Data Validation Block

The Validation block cleans up unnecessary data, transforms it, or validates it before passing it to the next block. A custom Databricks job handles these tasks. You can add this block to your DIY template, or use it in select pre-defined Connect+ templates.

Use Cases

Requirement 1: Cleaning Customer Data Before Loyalty Points Allocation

A retail brand uses Capillary’s loyalty platform to allocate points by importing customer data from an external system. However, the incoming file often includes duplicate records and rows with missing mobile numbers, which impacts point allocation.

Solution
Use the Validation block in Capillary to clean the data before processing it. Configure a custom Databricks job that:

  • Removes duplicate customer records based on email address or mobile number.
  • Eliminates rows where the mobile number is missing.

Provide the Databricks job ID in the Validation block configuration. After validation and cleaning, Capillary forwards the processed data to the next blocks for loyalty points allocation.

Requirement 2: Formatting Inconsistent CSV Files for Ingestion

A US-based brand sends customer data in CSV files for loyalty points allocation through Capillary. However, these files do not contain separators (such as commas or pipes) or headers, making them difficult to process and map correctly.

Solution
Use the Validation block in Capillary to transform the data before further processing. Configure a custom Databricks job that:

  • Adds the required separators to the CSV data based on the expected format.
  • Inserts headers to enable accurate column mapping.
  • Cleans up any malformed or inconsistent data entries.

Include the Databricks job ID in the Validation block configuration. The cleaned and formatted data is then passed to subsequent blocks for loyalty points allocation in Capillary.

Configuring the Data Validation Block Interface

Pre-Requisite

  • Ensure you have access to the database for your organisation's group. For access, create a ticket to the Capillary Access team.
  • Name of the target database.

Field NameDescription
DataBricks JobIdThe Databricks Job ID that defines the validation and transformation logic.
Is Data Validation enabled?Indicates whether to perform data validation:

- If unchecked, the block is skipped and the workflow runs as usual.
- If checked, the configured Databricks job runs to validate the data.
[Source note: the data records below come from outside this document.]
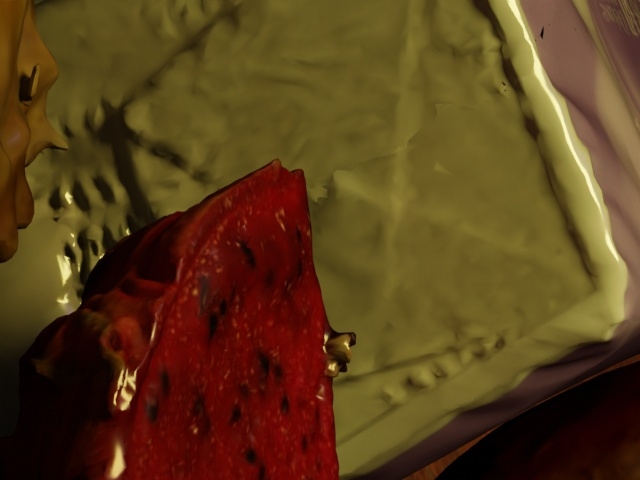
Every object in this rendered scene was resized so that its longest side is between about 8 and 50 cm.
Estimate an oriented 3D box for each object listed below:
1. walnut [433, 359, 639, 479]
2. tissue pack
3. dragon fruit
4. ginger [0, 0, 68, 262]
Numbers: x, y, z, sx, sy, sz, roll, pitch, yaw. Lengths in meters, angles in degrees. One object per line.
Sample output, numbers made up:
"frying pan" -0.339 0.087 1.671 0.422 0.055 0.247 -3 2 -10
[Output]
"walnut" 0.152 0.160 0.755 0.221 0.269 0.244 62 22 13
"tissue pack" 0.000 0.000 0.607 0.160 0.242 0.338 67 19 4
"dragon fruit" -0.046 0.065 0.395 0.106 0.083 0.162 -6 95 -66
"ginger" -0.141 0.037 0.293 0.254 0.176 0.418 64 19 -19
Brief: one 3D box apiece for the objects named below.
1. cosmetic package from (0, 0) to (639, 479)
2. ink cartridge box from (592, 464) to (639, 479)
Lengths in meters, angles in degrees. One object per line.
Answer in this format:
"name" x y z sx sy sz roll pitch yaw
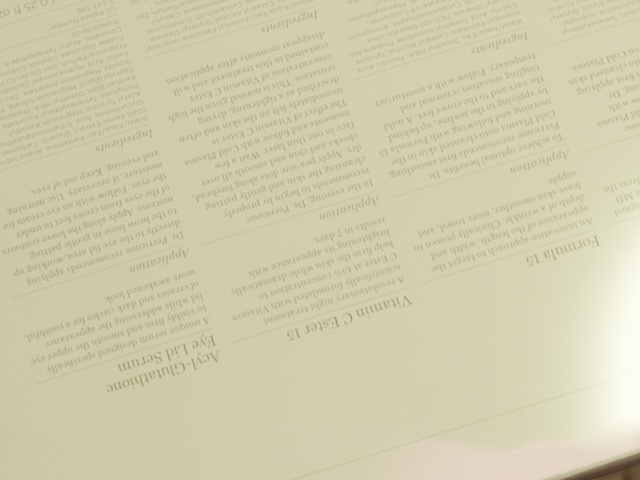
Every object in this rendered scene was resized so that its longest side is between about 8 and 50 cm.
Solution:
"cosmetic package" 0.024 -0.019 0.810 0.377 0.097 0.284 -17 76 -1
"ink cartridge box" 0.308 0.196 0.940 0.395 0.285 0.166 9 90 -21
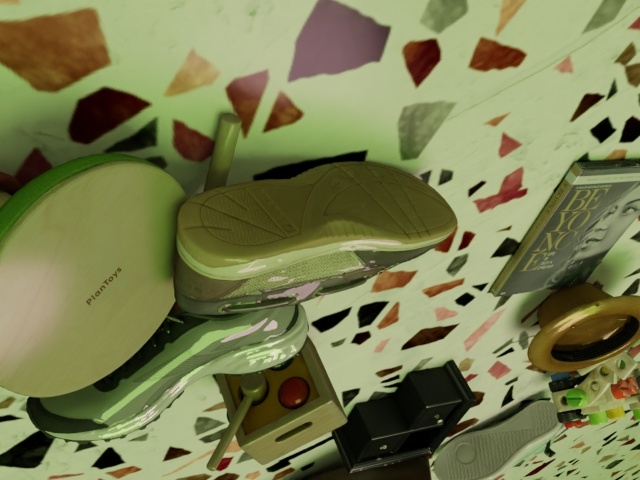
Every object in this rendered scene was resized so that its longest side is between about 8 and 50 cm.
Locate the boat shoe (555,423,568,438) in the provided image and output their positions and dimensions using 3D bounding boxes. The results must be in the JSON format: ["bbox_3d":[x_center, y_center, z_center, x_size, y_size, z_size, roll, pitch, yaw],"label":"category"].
[{"bbox_3d":[0.465,0.389,1.400,0.142,0.049,0.040,-41,142,14],"label":"boat shoe"}]

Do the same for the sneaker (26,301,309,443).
[{"bbox_3d":[-0.147,0.095,0.651,0.271,0.100,0.108,-24,132,-13],"label":"sneaker"}]

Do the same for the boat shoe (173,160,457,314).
[{"bbox_3d":[0.000,0.000,0.592,0.285,0.103,0.092,-12,144,-40],"label":"boat shoe"}]

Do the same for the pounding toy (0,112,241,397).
[{"bbox_3d":[-0.179,-0.003,0.520,0.237,0.110,0.183,-34,143,-44],"label":"pounding toy"}]

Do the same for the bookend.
[{"bbox_3d":[0.121,0.261,1.017,0.156,0.072,0.157,-2,136,-29],"label":"bookend"}]

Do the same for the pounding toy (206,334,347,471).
[{"bbox_3d":[-0.060,0.177,0.758,0.141,0.130,0.100,-27,143,0],"label":"pounding toy"}]

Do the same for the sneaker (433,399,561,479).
[{"bbox_3d":[0.343,0.404,1.306,0.256,0.094,0.151,-27,146,2],"label":"sneaker"}]

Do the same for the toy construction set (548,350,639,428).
[{"bbox_3d":[0.521,0.240,1.172,0.328,0.151,0.215,21,147,-36],"label":"toy construction set"}]

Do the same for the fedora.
[{"bbox_3d":[0.381,0.115,0.998,0.194,0.079,0.194,-10,139,-9],"label":"fedora"}]

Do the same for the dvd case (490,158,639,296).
[{"bbox_3d":[0.328,-0.012,0.865,0.164,0.018,0.221,-5,138,-26],"label":"dvd case"}]

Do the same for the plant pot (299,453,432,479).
[{"bbox_3d":[0.062,0.448,1.107,0.230,0.215,0.215,-3,141,3],"label":"plant pot"}]

Creating a Databricks Job and Job ID

  1. Log in to the Databricks portal.
  2. From the drop-down menu in the top right corner, select your workspace.
    Your workspace is named notebook-.
    Example: notebook-eucrm.
  1. From the left pane, click Workspace > Create > Notebook.
    Write a Databricks notebook for the required validation and transformation.
Databricks Notebook

Databricks Notebook

  1. From the left pane, click Workflows > Create job.
    The job ID is created. Use the Job ID in the DataBricks JobId field of the Data Validation block.
  1. Create a job and add a task.
    Note: In the Path field, give the path of your Databricks Notebook.
Create a Job and a Task

Create a Job and a Task

Creating the Databricks Notebook Script

The following is a sample Databricks notebook script. The script fetches data from the input table where the ID is less than or equal to 30.

import json
from pyspark.sql import SparkSession

# Initialize Spark
spark = SparkSession.builder.appName("Databricks S3 to Table").getOrCreate()

# Step 1: Read Job Parameters from notebook_params
delimiter = dbutils.widgets.get("delimiter")
region_name = dbutils.widgets.get("region_name")
bucket_name = dbutils.widgets.get("bucket_name")
input_file_path = dbutils.widgets.get("input_file_path")
input_table = dbutils.widgets.get("inputTable")
output_table = dbutils.widgets.get("outputTable")
orgId = dbutils.widgets.get("orgId")
database_name = dbutils.widgets.get("database_name")

# Define full table names
input_table_name = f"{database_name}.{input_table}"
output_table_name = f"{database_name}.{output_table}"

spark.sql(f"CREATE DATABASE IF NOT EXISTS {database_name}")

# Read data from the input table
df = spark.sql(f"SELECT * FROM {input_table_name} WHERE id <= 30")

# Rename columns as required
renamed_df = (
    df.withColumnRenamed("id", "id")
      .withColumnRenamed("name", "name")
)  # Add more columns as needed

# Write the transformed data to the output table in Delta format
renamed_df.write.mode("overwrite").format("delta").saveAsTable(output_table_name)

The code below must be present in your script. Do not modify it. You can add your code for validation and transformation after this.

input_table = dbutils.widgets.get("inputTable")
output_table = dbutils.widgets.get("outputTable")
database_name = dbutils.widgets.get("database_name")

# Define full table names
input_table_name = f"{database_name}.{input_table}"
output_table_name = f"{database_name}.{output_table}"